What to produce -
Would you show every line from the records that holds "listed"?

Information shown -
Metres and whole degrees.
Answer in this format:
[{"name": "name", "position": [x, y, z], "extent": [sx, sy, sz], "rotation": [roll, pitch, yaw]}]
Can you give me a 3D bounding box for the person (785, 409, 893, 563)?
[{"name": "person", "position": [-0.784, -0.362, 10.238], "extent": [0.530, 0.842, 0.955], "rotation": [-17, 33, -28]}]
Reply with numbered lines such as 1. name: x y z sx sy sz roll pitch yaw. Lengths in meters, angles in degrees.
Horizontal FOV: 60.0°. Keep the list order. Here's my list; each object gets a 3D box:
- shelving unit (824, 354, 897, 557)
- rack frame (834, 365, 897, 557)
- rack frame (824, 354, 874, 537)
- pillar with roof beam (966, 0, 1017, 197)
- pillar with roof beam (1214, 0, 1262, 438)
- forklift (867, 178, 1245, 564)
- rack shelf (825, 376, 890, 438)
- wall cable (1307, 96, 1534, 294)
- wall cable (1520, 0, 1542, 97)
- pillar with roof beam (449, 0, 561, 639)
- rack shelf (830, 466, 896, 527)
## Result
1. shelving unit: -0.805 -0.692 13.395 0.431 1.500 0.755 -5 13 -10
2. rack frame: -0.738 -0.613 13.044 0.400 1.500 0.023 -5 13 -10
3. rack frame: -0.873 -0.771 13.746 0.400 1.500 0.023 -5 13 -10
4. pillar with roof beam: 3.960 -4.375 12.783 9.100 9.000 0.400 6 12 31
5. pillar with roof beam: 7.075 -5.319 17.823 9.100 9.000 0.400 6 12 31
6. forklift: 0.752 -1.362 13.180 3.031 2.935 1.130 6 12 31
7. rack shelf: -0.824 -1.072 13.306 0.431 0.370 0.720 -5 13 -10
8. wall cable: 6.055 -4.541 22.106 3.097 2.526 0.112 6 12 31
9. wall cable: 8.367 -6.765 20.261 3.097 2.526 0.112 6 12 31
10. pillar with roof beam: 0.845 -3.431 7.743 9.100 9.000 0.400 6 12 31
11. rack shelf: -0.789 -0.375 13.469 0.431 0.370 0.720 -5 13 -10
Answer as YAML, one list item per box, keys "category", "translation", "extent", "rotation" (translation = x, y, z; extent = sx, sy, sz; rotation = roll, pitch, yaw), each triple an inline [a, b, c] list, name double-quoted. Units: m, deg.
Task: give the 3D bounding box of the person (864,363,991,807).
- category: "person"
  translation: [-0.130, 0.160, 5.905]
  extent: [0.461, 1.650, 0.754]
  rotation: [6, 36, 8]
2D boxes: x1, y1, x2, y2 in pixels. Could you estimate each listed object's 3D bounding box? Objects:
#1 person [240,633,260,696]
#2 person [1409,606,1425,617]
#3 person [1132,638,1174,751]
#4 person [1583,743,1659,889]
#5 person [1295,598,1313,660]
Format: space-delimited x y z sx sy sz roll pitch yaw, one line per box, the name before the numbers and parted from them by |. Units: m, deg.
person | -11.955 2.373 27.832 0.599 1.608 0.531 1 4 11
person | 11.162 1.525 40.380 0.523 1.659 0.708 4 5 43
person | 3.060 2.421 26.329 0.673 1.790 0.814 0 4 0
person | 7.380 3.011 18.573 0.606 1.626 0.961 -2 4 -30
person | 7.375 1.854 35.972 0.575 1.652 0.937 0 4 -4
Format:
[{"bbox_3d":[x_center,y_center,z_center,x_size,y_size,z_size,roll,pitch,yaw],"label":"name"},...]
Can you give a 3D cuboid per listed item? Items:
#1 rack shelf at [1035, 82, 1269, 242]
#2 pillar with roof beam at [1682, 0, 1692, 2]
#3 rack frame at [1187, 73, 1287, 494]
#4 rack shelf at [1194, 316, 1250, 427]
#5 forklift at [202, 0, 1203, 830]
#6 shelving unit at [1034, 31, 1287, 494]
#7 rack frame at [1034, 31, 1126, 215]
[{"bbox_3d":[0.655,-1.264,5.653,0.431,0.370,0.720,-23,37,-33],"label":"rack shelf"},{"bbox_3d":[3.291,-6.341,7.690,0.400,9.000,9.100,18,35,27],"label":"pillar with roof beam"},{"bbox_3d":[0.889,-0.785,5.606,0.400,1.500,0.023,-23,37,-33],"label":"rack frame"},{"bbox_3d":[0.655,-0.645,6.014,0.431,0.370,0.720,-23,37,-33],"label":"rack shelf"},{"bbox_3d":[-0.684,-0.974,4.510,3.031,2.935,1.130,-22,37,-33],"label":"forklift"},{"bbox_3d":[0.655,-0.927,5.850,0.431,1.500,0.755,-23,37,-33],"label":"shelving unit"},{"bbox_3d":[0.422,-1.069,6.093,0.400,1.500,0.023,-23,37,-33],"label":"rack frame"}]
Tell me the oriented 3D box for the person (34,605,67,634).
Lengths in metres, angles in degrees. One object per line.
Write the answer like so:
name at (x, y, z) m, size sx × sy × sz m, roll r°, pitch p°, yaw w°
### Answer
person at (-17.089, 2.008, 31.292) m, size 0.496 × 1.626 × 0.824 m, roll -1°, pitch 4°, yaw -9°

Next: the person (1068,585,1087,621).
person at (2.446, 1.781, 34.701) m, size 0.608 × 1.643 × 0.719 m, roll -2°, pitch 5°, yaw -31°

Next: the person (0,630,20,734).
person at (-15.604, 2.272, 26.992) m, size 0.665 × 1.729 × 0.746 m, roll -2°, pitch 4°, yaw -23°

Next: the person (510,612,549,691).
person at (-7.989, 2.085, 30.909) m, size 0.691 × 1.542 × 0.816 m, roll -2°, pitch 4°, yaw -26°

The completed task -
2D boxes: x1, y1, x2, y2 in pixels. Could you estimate each listed object's 3D bounding box? Objects:
Can you give a 3D cuboid per listed item? Items:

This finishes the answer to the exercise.